Thank you for jumping on this very important subject and process design problem. I am presently on vacation in Tucson, Arizona with my grandchildren and find myself checking my email. Like yourself, I consider this a very important and high-priority subject. Things can go disastrously bad if not handled, designed, and implemented well from the very onset. Processeng should feel very confident with your experienced backup. You have had, as we both know, extensive and exhaustive storage tank applications very similar (if not identical) to this one. Your intensive work and labor working with out-dated and un-rated storage tanks in the past has given you license and experience to specifically address the issues being brought out. I am in total agreement with all that you've recommended.

Processeng:
You could also visit other Engineering Forums and also try to get expert advice on this application. However, with Doug's excellent recommendations and tips and with also the possibility of Phil Leckner's input (yet to come) you can hardly do any better. Everything Doug has alerted you to is a major checkpoint to keep in consideration. The actual, realistic MAWP of your storage tanks should be the #1 priority to identify with accuracy. Without this, you cannot realistically establish your maximum available SAFE pressure driving force - and consequently can't identify the allowable flare header pressure(s).

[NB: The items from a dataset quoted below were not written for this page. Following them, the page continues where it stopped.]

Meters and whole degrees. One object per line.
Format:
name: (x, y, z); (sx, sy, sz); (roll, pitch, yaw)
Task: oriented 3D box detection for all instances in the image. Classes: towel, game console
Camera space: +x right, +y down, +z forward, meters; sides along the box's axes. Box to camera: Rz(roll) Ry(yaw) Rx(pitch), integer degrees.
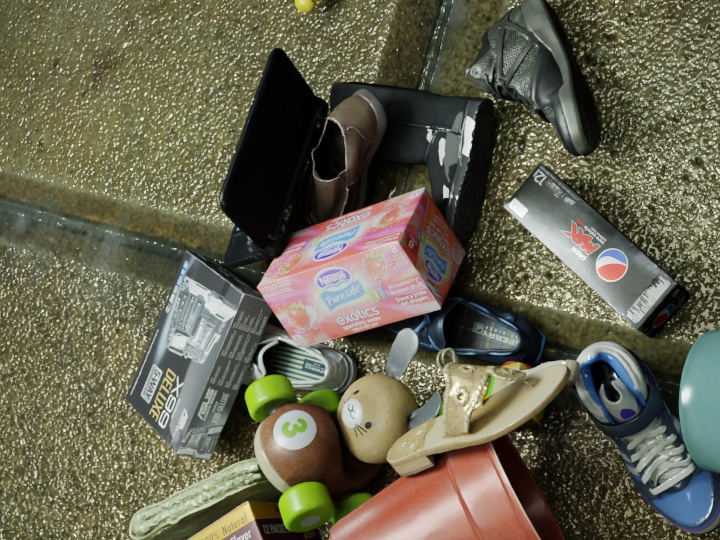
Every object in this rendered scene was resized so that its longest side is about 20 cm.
towel: (-0.148, 0.257, 1.461); (0.199, 0.148, 0.037); (-31, 66, 23)
game console: (-0.122, -0.124, 1.478); (0.175, 0.116, 0.202); (-13, 54, 56)

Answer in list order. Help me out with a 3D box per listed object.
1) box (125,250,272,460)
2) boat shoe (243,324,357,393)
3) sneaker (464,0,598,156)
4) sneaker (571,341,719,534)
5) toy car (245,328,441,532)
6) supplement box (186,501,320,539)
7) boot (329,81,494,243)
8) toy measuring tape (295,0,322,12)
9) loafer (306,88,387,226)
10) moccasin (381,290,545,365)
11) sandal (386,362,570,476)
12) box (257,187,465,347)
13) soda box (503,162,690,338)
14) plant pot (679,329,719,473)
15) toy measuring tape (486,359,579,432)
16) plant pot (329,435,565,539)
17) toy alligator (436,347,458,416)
box: (-0.191, 0.098, 1.530); (0.157, 0.049, 0.202); (32, 100, 53)
boat shoe: (-0.100, 0.098, 1.508); (0.198, 0.067, 0.075); (3, 81, 30)
sneaker: (0.186, -0.194, 1.413); (0.114, 0.076, 0.201); (-30, 65, 22)
sneaker: (0.271, 0.161, 1.255); (0.080, 0.146, 0.202); (-33, 67, 18)
toy car: (0.000, 0.158, 1.367); (0.200, 0.157, 0.165); (-41, 52, 25)
supplement box: (-0.126, 0.389, 1.428); (0.196, 0.132, 0.202); (-34, 67, 18)
boot: (0.045, -0.127, 1.477); (0.198, 0.065, 0.167); (12, 89, 30)
toy measuring tape: (-0.049, -0.411, 1.574); (0.073, 0.073, 0.203); (2, 81, 28)
loafer: (-0.033, -0.117, 1.469); (0.073, 0.071, 0.201); (44, 138, 27)
moccasin: (0.103, 0.052, 1.410); (0.198, 0.068, 0.082); (7, 83, 29)
sandal: (0.091, 0.122, 1.213); (0.211, 0.078, 0.070); (-33, 105, 33)
box: (0.000, 0.000, 1.420); (0.198, 0.095, 0.103); (-17, 30, 35)
soda box: (0.244, -0.021, 1.348); (0.063, 0.071, 0.200); (-49, 63, 10)
plant pot: (0.401, 0.124, 1.179); (0.187, 0.199, 0.203); (-2, 79, 43)
toy measuring tape: (0.179, 0.125, 1.325); (0.200, 0.073, 0.075); (-23, 65, 60)
plant pot: (0.087, 0.271, 1.283); (0.194, 0.201, 0.202); (-30, 67, 9)
toy alligator: (0.085, 0.183, 1.396); (0.054, 0.059, 0.203); (-178, 88, -71)
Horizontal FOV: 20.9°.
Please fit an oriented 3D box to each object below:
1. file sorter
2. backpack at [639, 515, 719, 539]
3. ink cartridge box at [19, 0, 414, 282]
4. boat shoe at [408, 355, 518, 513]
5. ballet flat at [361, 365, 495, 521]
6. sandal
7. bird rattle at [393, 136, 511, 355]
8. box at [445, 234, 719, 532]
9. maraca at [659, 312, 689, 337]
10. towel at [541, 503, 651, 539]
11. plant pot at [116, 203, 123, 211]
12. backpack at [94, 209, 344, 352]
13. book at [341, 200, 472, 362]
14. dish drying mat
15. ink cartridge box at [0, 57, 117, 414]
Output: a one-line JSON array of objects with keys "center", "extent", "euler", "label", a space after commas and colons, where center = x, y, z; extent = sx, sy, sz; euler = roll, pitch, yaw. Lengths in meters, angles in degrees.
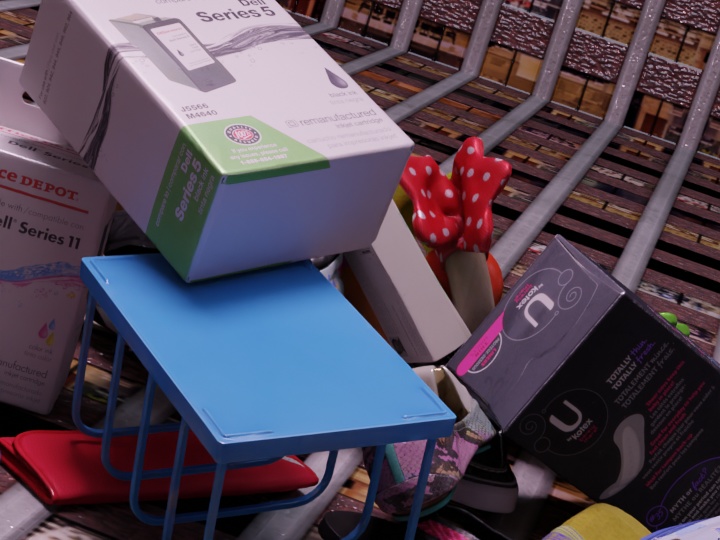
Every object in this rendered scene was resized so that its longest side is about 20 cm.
[{"center": [-0.064, 0.087, 1.095], "extent": [0.139, 0.123, 0.200], "euler": [-4, 29, -29], "label": "file sorter"}, {"center": [0.196, 0.198, 0.950], "extent": [0.190, 0.200, 0.154], "euler": [-3, -7, -36], "label": "backpack"}, {"center": [-0.090, -0.095, 1.174], "extent": [0.145, 0.084, 0.200], "euler": [-12, 48, -39], "label": "ink cartridge box"}, {"center": [0.066, 0.103, 1.361], "extent": [0.073, 0.068, 0.199], "euler": [14, 15, -15], "label": "boat shoe"}, {"center": [0.040, 0.097, 1.196], "extent": [0.069, 0.071, 0.200], "euler": [-18, 2, 13], "label": "ballet flat"}, {"center": [0.074, 0.172, 1.161], "extent": [0.200, 0.045, 0.075], "euler": [18, 16, 1], "label": "sandal"}, {"center": [0.072, -0.015, 1.388], "extent": [0.113, 0.163, 0.200], "euler": [-16, 8, -13], "label": "bird rattle"}, {"center": [0.177, 0.089, 1.306], "extent": [0.200, 0.122, 0.106], "euler": [38, 6, -30], "label": "box"}, {"center": [0.155, 0.065, 1.437], "extent": [0.137, 0.107, 0.200], "euler": [-1, -19, -27], "label": "maraca"}, {"center": [0.166, 0.198, 1.152], "extent": [0.144, 0.023, 0.200], "euler": [38, 18, 17], "label": "towel"}, {"center": [-0.081, -0.041, 1.555], "extent": [0.200, 0.187, 0.186], "euler": [33, 16, 7], "label": "plant pot"}, {"center": [-0.088, 0.012, 1.367], "extent": [0.167, 0.127, 0.200], "euler": [-32, 34, -30], "label": "backpack"}, {"center": [0.000, 0.000, 1.391], "extent": [0.048, 0.134, 0.200], "euler": [-31, 8, -15], "label": "book"}, {"center": [-0.122, 0.117, 1.189], "extent": [0.200, 0.018, 0.077], "euler": [4, 21, -43], "label": "dish drying mat"}, {"center": [-0.220, -0.024, 1.230], "extent": [0.117, 0.200, 0.067], "euler": [17, 14, -3], "label": "ink cartridge box"}]
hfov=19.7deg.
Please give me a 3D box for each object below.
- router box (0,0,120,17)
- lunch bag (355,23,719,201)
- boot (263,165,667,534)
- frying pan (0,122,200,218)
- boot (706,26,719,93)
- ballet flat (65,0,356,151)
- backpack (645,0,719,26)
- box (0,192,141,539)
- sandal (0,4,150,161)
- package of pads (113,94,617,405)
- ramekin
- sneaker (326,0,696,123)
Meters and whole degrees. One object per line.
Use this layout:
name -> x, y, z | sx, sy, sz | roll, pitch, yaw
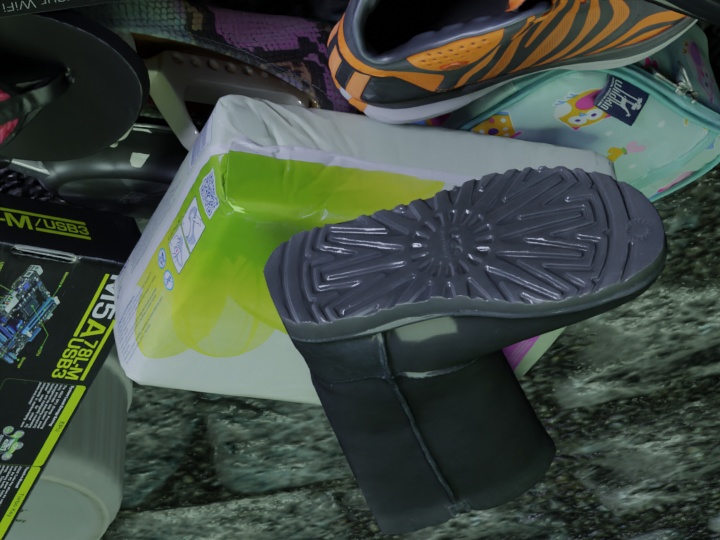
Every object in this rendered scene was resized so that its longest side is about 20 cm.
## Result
router box -> -0.091, -0.169, 0.782 | 0.198, 0.053, 0.158 | -8, 151, -5
lunch bag -> 0.076, -0.062, 1.002 | 0.199, 0.078, 0.160 | -29, 146, 31
boot -> 0.059, 0.044, 0.898 | 0.163, 0.066, 0.200 | -7, 144, 11
frying pan -> -0.132, -0.055, 0.961 | 0.114, 0.031, 0.189 | -8, 163, 44
boot -> 0.261, -0.134, 0.968 | 0.131, 0.070, 0.200 | -1, 161, -23
ballet flat -> -0.087, -0.085, 0.912 | 0.199, 0.072, 0.069 | 6, 145, -28
backpack -> 0.150, -0.167, 0.752 | 0.199, 0.169, 0.162 | 9, -173, -24
box -> -0.224, 0.046, 0.990 | 0.192, 0.048, 0.201 | 8, 127, -36
sandal -> -0.186, -0.075, 0.857 | 0.198, 0.045, 0.076 | 7, 128, 4
package of pads -> 0.000, 0.000, 0.942 | 0.198, 0.069, 0.155 | 8, 144, -23
ramekin -> -0.225, 0.108, 1.181 | 0.201, 0.095, 0.203 | -8, 151, -5
sneaker -> 0.082, -0.121, 0.846 | 0.199, 0.078, 0.112 | -27, 174, -6
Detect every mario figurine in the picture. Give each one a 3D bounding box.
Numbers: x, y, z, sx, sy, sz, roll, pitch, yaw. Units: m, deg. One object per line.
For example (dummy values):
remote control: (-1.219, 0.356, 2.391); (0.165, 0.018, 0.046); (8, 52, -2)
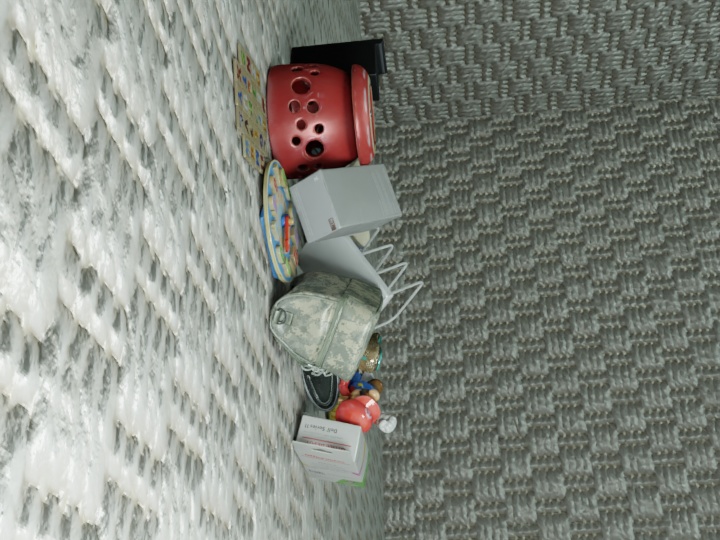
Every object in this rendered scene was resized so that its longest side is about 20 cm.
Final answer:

To Doug's valuable advice, I would add that you contact the conservation vent manufacturer and insist on the actual capacities of the vent at the moment it starts to open up to the time it is 100% fully open. Do not forget that this type of pressure relief is varying in capacity as the pallet is forced open more and more. Do not take full capacity credit at the MAWP setting. You may have to de-rate the conservation vent pressure setting. If so, then you really need to identify the tank's realistic and actual MAWP. If the tank is very old and in dilapidated condition, this may be very dangerous and risky to assume without a total, realistic and experienced mechanical rating on the tank(s). This will up the cost of the project - but is essential if you are to ensure a SAFE installation. I've gone through this in a Houston-area chemical plant before and it was like pulling eye teeth until management bought into the fact that they couldn't trust the mechancial condition of their 20+ year-old tanks that had no MAWP stamp on them. I like your challenging attitude where it regards safety. You are doing the correct things - just make sure you cover ALL bases. I am adding this response not to overshadow Doug's, but rather only because you addressed it originally to me. You are receiving expert, experienced advice from Doug and anything he can help you with is a positive plus. Hopefully, Phil Leckner will also pitch in. With these two experts, you have little or nothing to worry about as long as you tell them ALL THE FACTS and all of the story.

One more thing: you should have started your own thread rather than pasting your query to someone else's original thread. If you don't create your own thread it becomes rather lengthy and other people won't visit since the title doesn't really reflect what your particular problem(s) is.

Good Luck! I'm off to stroll through the Santa Catalina foothills with my granddaughters.